Qualcomm is a massive player in the communications semiconductor business, but it is also a fabless company, outsourcing all production of its chips to foundries. As such, it was Sematech’s first fully fabless member of such scale, and the first to join under an active recruitment scheme that the consortium’s president and CEO, Dan Armbrust, had launched earlier in 2010.

The thinking behind the call to the fabless companies is simple. The assumption that chip manufacturing presents so many new challenges at each node that no one company can ‘go it alone’ does not extend solely to traditional back-end players, typically IDMs, foundries and packaging/test suppliers.

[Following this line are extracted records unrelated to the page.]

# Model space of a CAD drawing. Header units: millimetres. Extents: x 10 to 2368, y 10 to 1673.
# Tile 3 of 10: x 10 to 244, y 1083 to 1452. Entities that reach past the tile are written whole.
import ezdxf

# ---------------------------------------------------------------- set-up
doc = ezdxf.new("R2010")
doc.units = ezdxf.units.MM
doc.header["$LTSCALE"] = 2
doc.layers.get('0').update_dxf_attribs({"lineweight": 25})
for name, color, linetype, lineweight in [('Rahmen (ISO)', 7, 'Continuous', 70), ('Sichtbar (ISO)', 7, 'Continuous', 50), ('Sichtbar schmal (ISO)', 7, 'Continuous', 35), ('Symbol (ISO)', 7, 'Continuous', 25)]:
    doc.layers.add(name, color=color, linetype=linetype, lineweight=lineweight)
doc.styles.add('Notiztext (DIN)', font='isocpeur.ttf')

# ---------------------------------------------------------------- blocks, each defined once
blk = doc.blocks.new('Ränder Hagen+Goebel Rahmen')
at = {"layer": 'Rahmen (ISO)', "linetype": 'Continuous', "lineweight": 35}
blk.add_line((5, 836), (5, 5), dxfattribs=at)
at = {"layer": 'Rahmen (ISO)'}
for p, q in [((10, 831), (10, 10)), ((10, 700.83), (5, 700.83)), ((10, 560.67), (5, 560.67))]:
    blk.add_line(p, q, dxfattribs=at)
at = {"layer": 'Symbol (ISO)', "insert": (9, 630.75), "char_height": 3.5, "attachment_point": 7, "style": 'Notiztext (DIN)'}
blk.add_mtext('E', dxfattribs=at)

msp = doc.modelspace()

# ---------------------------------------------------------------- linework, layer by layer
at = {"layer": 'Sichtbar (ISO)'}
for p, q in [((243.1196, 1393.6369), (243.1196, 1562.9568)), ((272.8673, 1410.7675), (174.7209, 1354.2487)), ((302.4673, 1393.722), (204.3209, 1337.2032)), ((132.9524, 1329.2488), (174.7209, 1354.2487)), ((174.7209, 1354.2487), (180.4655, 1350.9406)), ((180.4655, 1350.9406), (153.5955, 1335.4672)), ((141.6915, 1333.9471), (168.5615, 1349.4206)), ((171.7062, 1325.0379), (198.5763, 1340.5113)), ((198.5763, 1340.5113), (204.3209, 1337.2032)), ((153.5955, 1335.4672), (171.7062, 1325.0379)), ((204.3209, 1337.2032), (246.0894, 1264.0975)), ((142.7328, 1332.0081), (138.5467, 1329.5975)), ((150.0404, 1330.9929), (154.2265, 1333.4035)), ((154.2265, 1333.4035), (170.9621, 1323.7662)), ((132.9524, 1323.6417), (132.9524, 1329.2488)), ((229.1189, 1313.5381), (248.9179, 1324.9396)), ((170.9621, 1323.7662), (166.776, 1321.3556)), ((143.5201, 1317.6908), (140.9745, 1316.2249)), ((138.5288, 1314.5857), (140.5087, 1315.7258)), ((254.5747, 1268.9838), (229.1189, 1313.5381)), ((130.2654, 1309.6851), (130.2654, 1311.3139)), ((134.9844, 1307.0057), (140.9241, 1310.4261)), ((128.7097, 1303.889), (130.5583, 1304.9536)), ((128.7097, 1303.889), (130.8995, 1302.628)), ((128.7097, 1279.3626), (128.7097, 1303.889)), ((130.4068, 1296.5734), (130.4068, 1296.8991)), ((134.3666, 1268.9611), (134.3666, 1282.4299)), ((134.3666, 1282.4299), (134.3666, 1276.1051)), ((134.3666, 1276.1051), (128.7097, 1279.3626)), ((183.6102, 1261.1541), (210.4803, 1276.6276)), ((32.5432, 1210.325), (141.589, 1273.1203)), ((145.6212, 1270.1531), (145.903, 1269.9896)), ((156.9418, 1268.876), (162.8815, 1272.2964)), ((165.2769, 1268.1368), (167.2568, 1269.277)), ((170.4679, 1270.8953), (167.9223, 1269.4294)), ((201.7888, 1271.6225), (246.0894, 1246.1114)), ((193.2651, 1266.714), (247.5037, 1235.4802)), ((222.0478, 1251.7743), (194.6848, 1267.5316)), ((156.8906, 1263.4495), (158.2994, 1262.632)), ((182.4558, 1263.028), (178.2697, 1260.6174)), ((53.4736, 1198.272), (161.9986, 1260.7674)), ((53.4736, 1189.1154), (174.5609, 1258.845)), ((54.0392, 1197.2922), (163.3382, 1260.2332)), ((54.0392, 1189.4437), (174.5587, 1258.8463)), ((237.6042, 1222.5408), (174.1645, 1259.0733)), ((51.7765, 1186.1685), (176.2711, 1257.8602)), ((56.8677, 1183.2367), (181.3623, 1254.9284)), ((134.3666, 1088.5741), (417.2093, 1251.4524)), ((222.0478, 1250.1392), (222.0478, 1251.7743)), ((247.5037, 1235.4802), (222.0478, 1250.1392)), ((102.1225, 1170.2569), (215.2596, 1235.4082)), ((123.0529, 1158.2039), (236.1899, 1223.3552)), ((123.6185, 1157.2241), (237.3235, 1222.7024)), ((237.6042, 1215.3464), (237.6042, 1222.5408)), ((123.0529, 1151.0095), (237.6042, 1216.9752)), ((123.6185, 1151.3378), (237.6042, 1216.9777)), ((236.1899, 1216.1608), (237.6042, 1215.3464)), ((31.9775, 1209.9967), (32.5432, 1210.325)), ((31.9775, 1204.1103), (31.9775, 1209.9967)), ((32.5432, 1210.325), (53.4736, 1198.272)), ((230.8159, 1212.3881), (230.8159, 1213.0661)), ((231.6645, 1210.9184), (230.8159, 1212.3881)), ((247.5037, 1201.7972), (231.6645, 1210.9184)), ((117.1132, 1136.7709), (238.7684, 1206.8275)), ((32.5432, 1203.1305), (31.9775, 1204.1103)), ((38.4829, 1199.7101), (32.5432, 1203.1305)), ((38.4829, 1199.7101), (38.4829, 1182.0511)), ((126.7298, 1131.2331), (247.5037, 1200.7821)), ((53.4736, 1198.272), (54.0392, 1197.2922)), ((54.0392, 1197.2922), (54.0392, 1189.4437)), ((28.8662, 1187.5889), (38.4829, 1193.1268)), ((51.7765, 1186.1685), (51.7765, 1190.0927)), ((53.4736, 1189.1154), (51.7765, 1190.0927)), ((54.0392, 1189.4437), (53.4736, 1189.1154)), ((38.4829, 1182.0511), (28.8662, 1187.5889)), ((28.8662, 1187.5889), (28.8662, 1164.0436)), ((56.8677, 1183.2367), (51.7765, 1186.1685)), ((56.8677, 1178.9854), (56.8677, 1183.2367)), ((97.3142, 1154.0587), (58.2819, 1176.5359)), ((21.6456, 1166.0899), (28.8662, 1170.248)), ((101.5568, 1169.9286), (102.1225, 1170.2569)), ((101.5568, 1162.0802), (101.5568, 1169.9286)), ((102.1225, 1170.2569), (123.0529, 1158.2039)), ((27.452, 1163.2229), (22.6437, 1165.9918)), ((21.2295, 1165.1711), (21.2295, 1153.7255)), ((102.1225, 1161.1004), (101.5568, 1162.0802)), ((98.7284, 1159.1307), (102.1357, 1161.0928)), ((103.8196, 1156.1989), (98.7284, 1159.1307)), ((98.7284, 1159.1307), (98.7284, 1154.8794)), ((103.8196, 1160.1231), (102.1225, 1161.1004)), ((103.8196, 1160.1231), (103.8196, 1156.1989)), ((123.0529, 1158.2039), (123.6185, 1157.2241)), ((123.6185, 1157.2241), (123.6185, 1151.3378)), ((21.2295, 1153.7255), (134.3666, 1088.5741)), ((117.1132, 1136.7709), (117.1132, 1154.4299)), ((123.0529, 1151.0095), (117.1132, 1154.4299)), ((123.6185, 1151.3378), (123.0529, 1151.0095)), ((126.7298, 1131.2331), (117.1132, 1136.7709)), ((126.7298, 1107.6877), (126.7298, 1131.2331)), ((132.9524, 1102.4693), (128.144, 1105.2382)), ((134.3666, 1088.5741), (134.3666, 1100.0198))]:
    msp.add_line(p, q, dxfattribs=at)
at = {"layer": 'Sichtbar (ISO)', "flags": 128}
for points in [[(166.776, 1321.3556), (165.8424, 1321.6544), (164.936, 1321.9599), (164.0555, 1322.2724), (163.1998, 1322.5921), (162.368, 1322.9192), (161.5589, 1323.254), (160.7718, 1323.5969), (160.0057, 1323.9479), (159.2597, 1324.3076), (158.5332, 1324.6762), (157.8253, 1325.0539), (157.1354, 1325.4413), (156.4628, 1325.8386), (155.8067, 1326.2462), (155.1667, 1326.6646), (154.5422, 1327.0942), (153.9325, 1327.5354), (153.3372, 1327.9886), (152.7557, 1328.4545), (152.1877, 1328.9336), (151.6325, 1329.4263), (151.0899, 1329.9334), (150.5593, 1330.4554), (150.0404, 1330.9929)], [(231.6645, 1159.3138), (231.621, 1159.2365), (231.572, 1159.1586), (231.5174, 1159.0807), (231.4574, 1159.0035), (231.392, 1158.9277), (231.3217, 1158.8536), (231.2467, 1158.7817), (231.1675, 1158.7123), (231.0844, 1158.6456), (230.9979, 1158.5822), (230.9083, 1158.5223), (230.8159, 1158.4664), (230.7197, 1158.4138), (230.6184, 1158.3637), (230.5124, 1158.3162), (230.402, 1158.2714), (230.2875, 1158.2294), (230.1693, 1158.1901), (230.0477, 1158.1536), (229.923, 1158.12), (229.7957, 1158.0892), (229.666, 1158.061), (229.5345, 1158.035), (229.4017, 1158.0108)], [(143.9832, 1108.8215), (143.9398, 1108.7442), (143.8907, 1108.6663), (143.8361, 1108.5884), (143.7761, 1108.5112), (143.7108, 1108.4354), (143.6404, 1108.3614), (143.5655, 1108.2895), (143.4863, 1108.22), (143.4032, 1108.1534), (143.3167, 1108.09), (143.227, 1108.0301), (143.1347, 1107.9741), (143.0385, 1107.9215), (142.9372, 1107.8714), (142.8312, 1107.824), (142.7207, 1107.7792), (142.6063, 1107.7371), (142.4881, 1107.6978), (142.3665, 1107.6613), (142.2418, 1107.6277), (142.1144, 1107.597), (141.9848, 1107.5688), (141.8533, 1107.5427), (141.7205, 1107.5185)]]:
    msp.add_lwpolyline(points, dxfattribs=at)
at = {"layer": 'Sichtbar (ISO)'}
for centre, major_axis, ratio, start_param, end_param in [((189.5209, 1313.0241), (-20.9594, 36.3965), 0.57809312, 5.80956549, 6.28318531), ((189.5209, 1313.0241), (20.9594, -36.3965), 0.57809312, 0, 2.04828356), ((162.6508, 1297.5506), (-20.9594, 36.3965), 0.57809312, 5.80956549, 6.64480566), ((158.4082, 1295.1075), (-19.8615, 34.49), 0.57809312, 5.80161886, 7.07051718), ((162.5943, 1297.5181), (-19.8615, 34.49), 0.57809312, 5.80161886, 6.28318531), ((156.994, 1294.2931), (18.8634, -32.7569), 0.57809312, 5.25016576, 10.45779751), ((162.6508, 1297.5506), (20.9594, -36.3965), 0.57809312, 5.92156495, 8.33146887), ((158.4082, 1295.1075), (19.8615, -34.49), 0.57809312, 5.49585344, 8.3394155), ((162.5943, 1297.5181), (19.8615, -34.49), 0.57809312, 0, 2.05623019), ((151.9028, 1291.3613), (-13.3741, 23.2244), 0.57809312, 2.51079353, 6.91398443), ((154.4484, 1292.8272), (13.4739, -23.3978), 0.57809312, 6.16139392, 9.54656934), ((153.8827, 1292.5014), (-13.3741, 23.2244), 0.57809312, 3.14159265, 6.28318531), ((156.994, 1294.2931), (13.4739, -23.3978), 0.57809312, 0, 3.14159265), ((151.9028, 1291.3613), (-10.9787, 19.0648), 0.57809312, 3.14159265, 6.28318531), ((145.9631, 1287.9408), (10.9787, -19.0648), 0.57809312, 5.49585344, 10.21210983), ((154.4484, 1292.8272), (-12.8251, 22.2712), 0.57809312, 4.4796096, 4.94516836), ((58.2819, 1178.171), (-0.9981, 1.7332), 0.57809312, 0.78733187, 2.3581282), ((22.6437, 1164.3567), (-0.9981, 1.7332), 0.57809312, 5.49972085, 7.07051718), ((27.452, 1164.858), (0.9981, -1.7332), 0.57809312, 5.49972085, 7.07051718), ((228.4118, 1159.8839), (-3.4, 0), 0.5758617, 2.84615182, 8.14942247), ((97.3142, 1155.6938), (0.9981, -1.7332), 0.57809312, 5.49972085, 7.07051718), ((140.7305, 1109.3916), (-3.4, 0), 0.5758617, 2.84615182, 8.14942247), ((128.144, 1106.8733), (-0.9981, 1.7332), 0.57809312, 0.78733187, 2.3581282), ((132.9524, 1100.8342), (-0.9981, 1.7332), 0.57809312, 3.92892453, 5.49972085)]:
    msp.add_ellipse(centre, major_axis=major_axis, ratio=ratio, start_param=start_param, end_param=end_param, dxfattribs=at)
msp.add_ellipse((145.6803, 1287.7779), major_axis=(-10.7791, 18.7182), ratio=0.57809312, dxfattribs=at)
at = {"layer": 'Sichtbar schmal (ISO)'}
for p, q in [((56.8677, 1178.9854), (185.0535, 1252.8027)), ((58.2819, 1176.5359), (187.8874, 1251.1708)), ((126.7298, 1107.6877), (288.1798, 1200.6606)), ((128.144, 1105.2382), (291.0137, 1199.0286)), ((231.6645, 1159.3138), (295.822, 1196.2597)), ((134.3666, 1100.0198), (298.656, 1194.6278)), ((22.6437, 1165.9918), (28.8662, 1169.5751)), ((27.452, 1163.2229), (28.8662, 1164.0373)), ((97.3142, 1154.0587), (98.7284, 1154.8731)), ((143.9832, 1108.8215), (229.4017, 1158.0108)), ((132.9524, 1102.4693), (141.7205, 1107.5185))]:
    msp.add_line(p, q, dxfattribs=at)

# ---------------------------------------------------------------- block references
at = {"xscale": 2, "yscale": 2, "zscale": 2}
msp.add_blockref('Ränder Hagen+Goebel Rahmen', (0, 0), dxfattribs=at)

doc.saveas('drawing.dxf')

It is already accepted that EDA will play an increasing role here—as demonstrated by the surging market for design-for-manufacturing tools—but growing complexity also requires input from and an understanding on the part of those companies that may internally concentrate on chip design alone. They are now 20% of the industry, for one thing (Figure 1, p. 42).

Figure 1
Chip production values by sector

Sematech’s contention is that the more of the supply chain it incorporates, the better placed it will be to deliver the manufacturing innovations that enable that broader goal.

Objectives

In a presentation to September’s Sematech Symposium in Japan, Ambrust set out five overarching trends that underpin his organization’s desire to recruit more widely. 

  1. A declining growth rate for semiconductor revenues.
  2. Increasing technical and financial challenges to meeting milestones on the ITRS roadmap.
  3. Consolidation among manufacturers and suppliers.
  4. Evolving business models leading to greater industry segmentation and diverging technology differentiation.
  5. The increasing acceptance of a need for collaboration to meet emerging challenges.

He argued in turn that this quintet produces a quartet of consequences.

  1. There will be further consolidation down to just three or four main platforms, while remaining players take on increasingly specialized roles.
  2. Technological leadership will be defined by more than simply the ability to enable or achieve classical scaling.
  3. Research and development (R&D) costs will continue to escalate.
  4. Greater emphasis on collaborative R&D frameworks for the coordination of effort and innovation will be necessary.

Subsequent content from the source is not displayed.